L'adjudant-chef Mader a le sommeil lourd. Son regard foudroie l'insolent qui a osé le réveiller.
Mader est l'une des célébrités du Régiment de Marche de la Légion étrangère.
Outre le fait qu'il a mauvais caractère,tout le monde s'accorde à lui reconnaître son courage et une chance hors du commun.
Pour l'instant, il est le seul chef de section encore valide. Tous ont été tués ou blessés la veille.
Ne demeure que le capitaine de Tscharner, rentré de sa convalescence.
"Qu'est ce que tu veux ?"
Bangerter met rapidement son chef au courant de la situation,et ajoute:
"Ils vont tous se faire descendre".
Mader comprend. Son regard balaie le panorama. Il hoche la tête,un mauvais sourire étire ses lèvres,fait vibrer ses grosses moustaches.
"Tu fas foir,che fais leur montrer!"
En douze ans de Légion,Mader n'a pas perdu son accent allemand. Car il est allemand. Il y a longtemps,il a tué l'adjudant de son bataillon wurtenbergeois. Puis il s'est enfui. Il a été recueilli par la Légion et,depuis,il la sert de son mieux.

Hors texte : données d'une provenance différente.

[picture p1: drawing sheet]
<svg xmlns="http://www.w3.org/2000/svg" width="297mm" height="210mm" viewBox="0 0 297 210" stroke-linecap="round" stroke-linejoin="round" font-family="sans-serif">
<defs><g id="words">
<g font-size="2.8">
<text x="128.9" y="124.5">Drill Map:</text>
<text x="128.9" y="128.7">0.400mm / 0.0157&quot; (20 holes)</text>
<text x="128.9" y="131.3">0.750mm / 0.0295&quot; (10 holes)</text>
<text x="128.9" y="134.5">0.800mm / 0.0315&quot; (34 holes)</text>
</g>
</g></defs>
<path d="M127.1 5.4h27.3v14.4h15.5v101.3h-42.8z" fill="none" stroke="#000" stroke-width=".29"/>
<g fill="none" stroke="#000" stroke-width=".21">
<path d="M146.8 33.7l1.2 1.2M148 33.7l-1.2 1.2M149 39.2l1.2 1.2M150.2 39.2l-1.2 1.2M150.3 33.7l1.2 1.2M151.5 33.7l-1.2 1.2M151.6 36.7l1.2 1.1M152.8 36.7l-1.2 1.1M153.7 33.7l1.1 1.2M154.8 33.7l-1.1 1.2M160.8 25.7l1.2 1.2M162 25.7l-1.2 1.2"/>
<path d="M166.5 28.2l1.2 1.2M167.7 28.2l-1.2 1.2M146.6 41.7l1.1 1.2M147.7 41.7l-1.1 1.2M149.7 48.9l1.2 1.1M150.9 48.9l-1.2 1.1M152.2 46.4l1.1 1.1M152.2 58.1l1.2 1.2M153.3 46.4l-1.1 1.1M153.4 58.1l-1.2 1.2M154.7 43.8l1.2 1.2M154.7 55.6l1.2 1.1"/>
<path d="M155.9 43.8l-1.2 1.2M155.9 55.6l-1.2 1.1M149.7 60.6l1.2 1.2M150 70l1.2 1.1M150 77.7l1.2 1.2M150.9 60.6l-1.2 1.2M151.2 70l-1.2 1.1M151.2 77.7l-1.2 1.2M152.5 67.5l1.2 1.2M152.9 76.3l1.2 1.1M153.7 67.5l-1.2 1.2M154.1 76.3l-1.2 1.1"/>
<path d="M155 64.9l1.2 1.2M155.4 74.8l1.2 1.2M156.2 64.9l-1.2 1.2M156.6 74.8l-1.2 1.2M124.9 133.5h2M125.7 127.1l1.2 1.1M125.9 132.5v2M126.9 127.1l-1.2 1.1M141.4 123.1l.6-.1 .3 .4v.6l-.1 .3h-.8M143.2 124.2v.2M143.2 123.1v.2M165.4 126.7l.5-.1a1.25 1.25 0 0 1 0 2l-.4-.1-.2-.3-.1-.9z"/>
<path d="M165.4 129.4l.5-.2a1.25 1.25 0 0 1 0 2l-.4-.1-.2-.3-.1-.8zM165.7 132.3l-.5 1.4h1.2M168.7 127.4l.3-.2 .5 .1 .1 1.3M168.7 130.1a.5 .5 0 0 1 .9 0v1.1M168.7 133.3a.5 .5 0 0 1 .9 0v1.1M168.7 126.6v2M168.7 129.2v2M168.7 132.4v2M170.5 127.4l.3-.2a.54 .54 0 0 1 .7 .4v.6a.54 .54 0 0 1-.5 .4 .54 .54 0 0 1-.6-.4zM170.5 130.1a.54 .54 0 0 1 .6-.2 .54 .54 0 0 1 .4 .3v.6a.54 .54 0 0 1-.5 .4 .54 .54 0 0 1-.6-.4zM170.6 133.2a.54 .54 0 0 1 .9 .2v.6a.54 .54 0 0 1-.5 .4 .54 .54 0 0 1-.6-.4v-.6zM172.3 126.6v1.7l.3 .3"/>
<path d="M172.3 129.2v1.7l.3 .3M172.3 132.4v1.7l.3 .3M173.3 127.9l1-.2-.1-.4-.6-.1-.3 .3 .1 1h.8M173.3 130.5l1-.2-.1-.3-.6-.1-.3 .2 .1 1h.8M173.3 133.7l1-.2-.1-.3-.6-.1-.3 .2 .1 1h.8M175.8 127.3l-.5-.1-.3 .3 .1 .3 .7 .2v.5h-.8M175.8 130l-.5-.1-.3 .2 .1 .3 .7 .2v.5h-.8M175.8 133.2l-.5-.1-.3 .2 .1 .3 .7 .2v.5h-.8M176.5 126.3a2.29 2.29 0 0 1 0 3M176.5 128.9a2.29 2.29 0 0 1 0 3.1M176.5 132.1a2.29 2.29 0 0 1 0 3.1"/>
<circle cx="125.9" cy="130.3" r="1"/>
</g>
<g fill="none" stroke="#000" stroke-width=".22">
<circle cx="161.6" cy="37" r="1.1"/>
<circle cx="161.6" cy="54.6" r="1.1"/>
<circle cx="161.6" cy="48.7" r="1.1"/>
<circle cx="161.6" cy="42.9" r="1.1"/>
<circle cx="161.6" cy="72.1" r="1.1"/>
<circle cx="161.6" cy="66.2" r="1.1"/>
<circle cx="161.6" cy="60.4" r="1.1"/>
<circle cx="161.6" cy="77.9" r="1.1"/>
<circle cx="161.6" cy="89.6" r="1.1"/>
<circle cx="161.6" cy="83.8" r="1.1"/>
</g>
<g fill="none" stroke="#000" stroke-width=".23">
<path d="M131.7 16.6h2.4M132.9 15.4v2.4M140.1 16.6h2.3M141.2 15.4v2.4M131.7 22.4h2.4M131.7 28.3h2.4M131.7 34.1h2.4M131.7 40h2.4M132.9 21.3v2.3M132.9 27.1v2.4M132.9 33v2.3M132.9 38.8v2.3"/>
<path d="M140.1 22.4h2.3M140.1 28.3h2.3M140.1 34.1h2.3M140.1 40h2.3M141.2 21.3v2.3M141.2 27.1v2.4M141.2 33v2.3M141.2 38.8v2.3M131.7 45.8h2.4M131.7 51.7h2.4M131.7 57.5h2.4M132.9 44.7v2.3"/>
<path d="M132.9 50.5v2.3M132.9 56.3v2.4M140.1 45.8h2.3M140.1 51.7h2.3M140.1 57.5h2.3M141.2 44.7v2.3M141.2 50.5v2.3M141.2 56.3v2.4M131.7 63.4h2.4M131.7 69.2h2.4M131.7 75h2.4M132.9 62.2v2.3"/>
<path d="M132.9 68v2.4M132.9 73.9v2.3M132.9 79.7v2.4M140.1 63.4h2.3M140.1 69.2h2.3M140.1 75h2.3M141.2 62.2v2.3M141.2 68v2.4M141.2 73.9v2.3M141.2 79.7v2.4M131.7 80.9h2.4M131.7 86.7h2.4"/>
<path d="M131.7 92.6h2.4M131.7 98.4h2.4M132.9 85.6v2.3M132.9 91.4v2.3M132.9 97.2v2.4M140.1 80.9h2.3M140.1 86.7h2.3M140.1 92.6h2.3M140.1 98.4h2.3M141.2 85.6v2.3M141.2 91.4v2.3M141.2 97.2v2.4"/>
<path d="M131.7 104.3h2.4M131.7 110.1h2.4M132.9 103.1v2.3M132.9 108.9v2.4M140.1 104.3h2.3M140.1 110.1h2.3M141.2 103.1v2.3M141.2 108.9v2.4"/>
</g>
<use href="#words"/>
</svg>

Mader a rameuté les légionnaires les plus proches,une dizaine en tout. Il leur fait bourrer leurs musettes de grenades :
"Suivez moi!, lance-t-il."
Il prend le pas de course et débouche bientôt dans le dos des Allemands qui se préparent à massacrer la compagnie du 168ème. Quelques grenades bien envoyées les mettent en déroute, puis Mader se porte à la rencontre des Français.
"Nous vous devons une fière chandelle",disent les biffins.
Mader sourit: " Fous m'offrirez un cigare plus tard. Maintenant il faut s'occuper des autres".
Les «autres», ce sont les canons de 210 qui se trouvent en retrait. Mader a décidé qu'il allait les neutraliser. Ses légionnaires sur les talons,il galope dans le boyau, remonte les pentes du ravin.
Derrière lui, le capitaine de Taschner a compris ce qu'essaie de tenter son adjudant-chef. Il fait appuyer la progression par une compagnie du 7ème tirailleurs qui vient d'arriver dans le boyau, puis Mader et ses légionnaires débouchent, tels des démons,dans la clairière aux canons.
Quelques grenades dans les blockhaus où se reposent les artilleurs, quelques grenades dans les abris des saxons.
Les français ne sont plus qu'une dizaine, leurs adversaires six ou huit fois plus nombreux. Mais rien n'arrête Mader. Grenades,fusillades, il mène un train d'enfer.
Puis en allemand, il crie: "Rendez-vous ! Votre résistance ne sert à rien !"
Quelques saxons obéissent et sortent, les mains sur la tête. D'autres s'enfuient ! Les six canons sont remis au dernier tirailleur arrivé à point.
Mader, reçoit,de la part de la 6è compagnie un accueil délirant.
"Il fallait un vieux légionnaire comme toi pour réaliser ce fait d'armes", lui dit son capitaine. "Sauver du désastre une compagnie française, capturer une batterie de canons et mettre en déroute tout une unité ennemie ! ...et gagner La Légion d'honneur!"